Goal of the exercise
Transcribe the lines below verbatim, skipping the images.
*** Opening of Records for the task ***
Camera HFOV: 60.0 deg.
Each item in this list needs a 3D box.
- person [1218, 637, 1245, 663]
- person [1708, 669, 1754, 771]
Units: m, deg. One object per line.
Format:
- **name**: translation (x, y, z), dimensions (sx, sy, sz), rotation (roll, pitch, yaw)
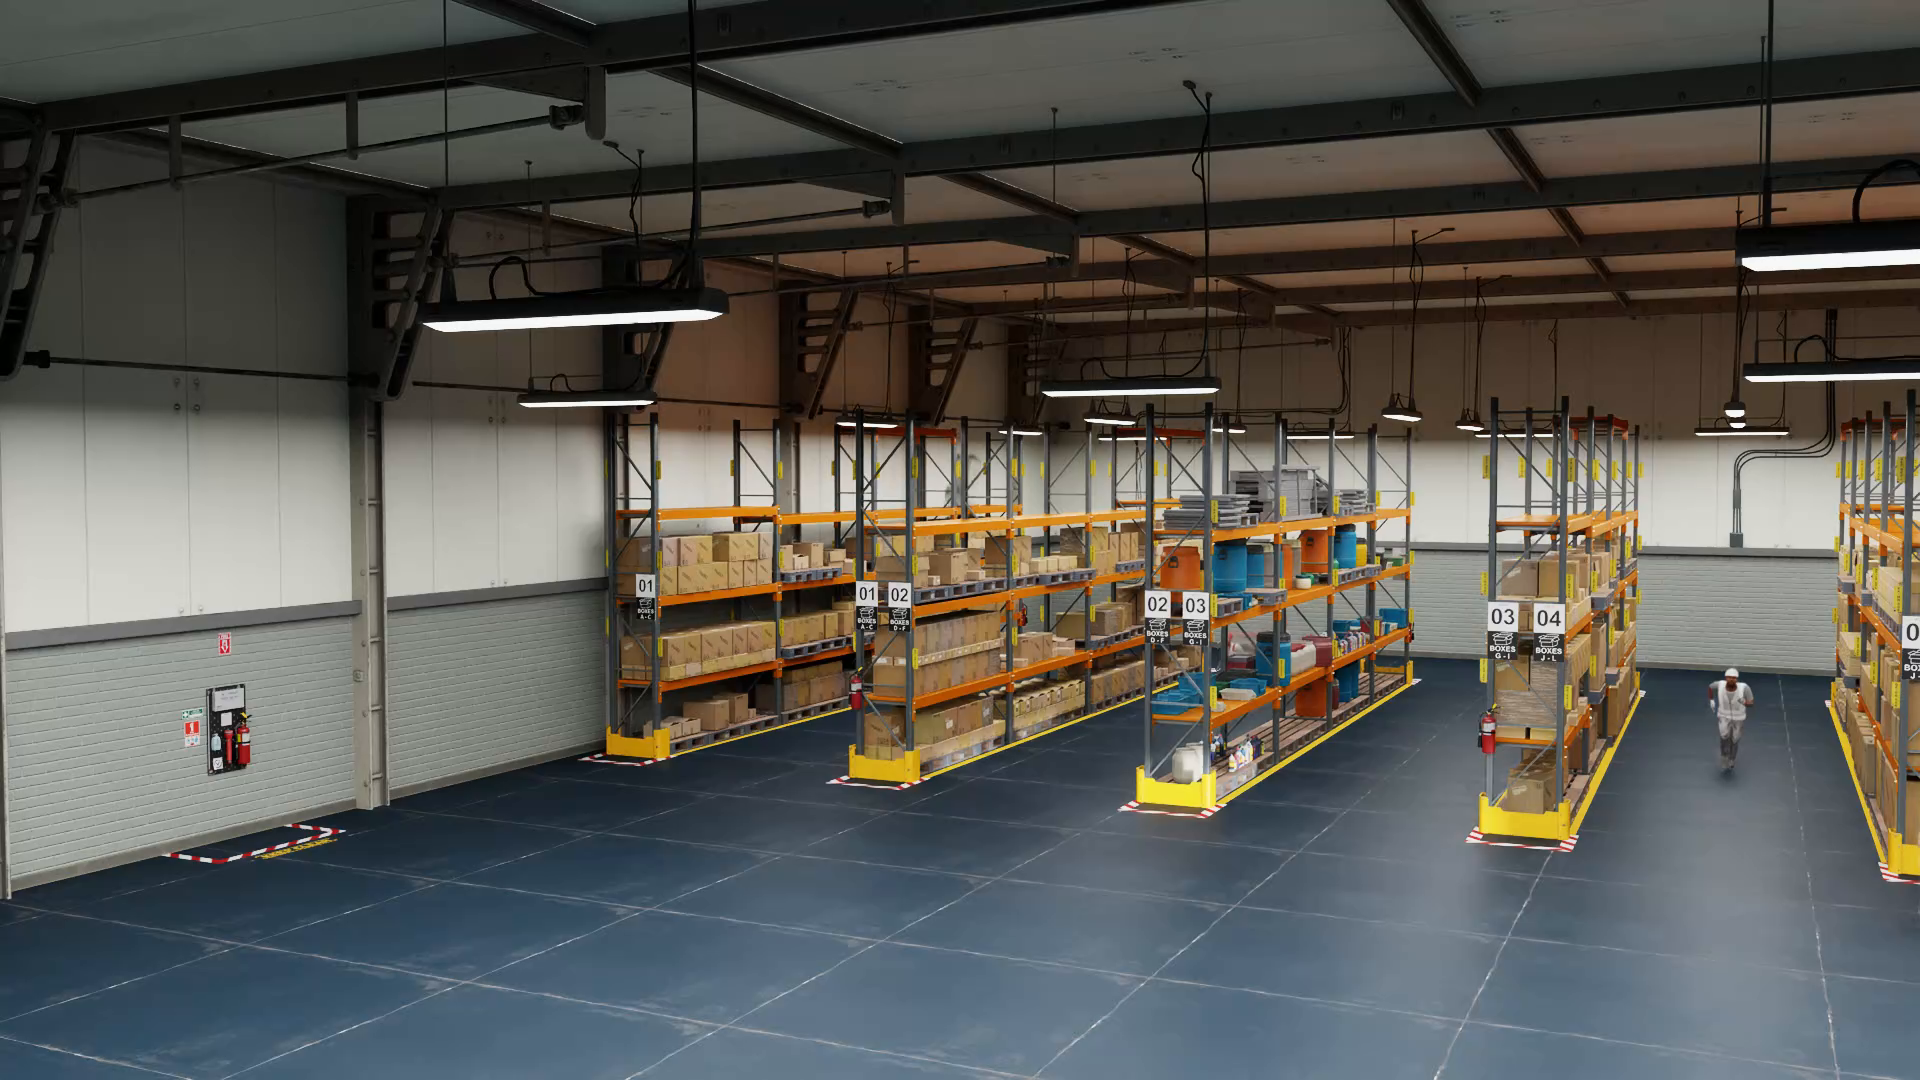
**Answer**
- **person**: translation (5.503, 2.735, 33.620), dimensions (0.659, 1.725, 1.139), rotation (1, 3, 29)
- **person**: translation (12.754, 2.963, 27.529), dimensions (0.666, 1.710, 0.915), rotation (1, 3, 21)
*** Close of Records for the task ***
Your solution
Camera HFOV: 60.0 deg.
Each item in this list needs a 3D box.
- person [1218, 637, 1245, 663]
- person [1708, 669, 1754, 771]
Units: m, deg. One object per line.
Format:
- **name**: translation (x, y, z), dimensions (sx, sy, sz), rotation (roll, pitch, yaw)
**Answer**
- **person**: translation (5.503, 2.735, 33.620), dimensions (0.659, 1.725, 1.139), rotation (1, 3, 29)
- **person**: translation (12.754, 2.963, 27.529), dimensions (0.666, 1.710, 0.915), rotation (1, 3, 21)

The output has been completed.